The shade grinned. A cold wind spun through the graveyard, carrying dead leaves in its wake. It shook the branches of the sycamore trees and the shade faded and reappeared in patches of shadow and emerald light.
“All right, all right!” the shade shouted to the wind. “I’ll behave. Let me talk to my boy.”
It turned back to Jim. “Listen, Son, I can tell you that you have to keep that eye safe, have to. It’s your birthright, Jim. I wish I could give you more, but it’s yours. You’ve earned it in blood and gumption.”
“But Pa, I killed a man, and I’m going to get Charlie for what he done to you. I got to stand for all that, don’t I?”
“I can’t tell you what to do or where to go, Jim. But I can tell you we all stand, Son. In our own time in our way, we all stand.”

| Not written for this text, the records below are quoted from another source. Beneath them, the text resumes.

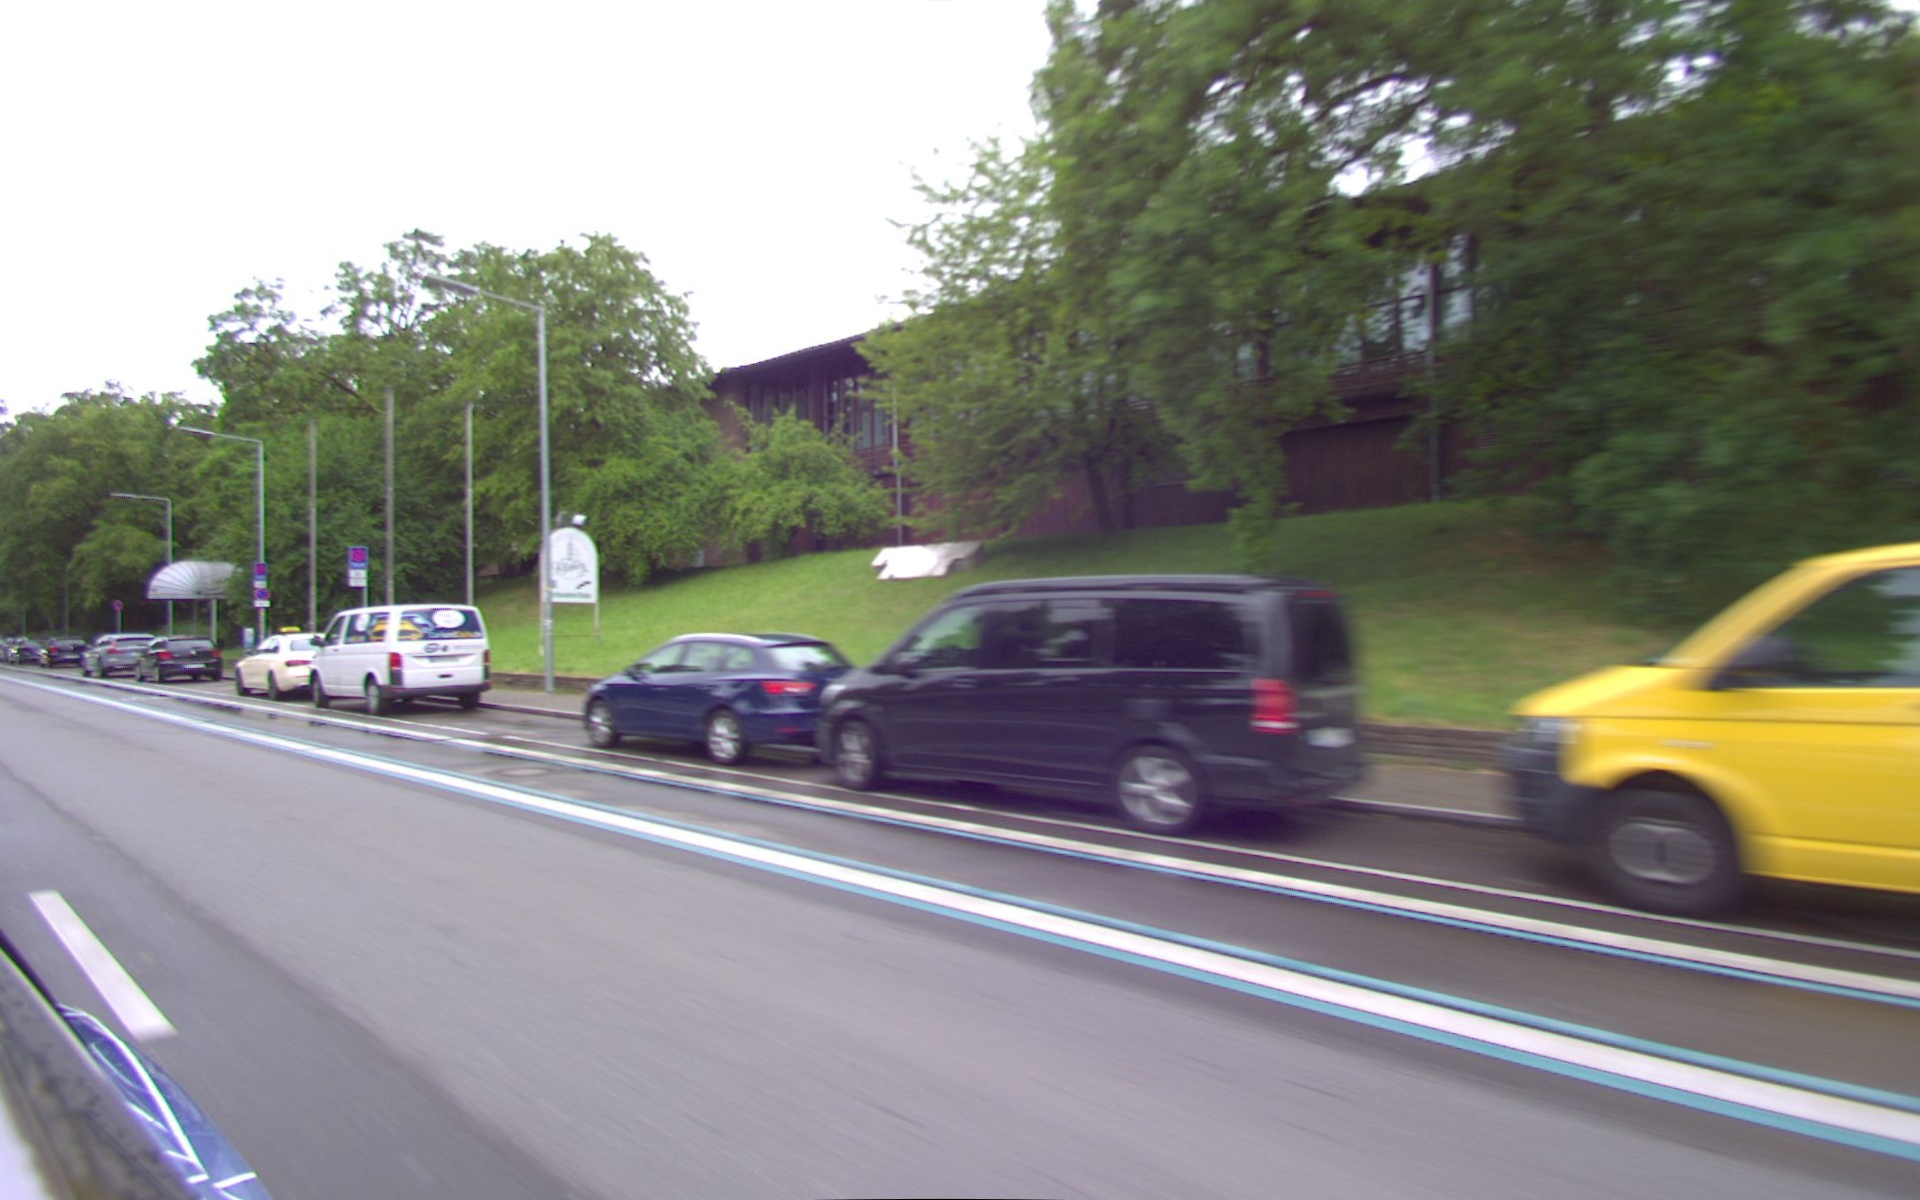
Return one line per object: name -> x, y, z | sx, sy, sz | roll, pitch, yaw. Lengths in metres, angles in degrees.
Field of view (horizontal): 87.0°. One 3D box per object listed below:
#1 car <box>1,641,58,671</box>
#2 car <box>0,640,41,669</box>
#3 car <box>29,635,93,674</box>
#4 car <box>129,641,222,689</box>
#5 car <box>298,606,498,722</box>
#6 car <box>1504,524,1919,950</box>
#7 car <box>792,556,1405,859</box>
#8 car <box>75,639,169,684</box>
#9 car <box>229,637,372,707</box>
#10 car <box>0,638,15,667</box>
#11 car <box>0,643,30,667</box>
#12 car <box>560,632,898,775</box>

The wind had not died; it had strengthened in fact. Dry, brown leaves were swirling about the grave. The clouds were on the move. Massive dark ones swallowed the edges of the bright moon. The eye was a frozen green star in Jim’s hand.
“I’ll take good care of it, Pa. I swear. And I’ll take care of Ma and Lottie too.”
“I know, Son, I know. I always knew you wo—”
The moon was gone. The eye was dark. The wind eased, settling a cover of leaves over Billy Negrey’s remains. Jim was alone.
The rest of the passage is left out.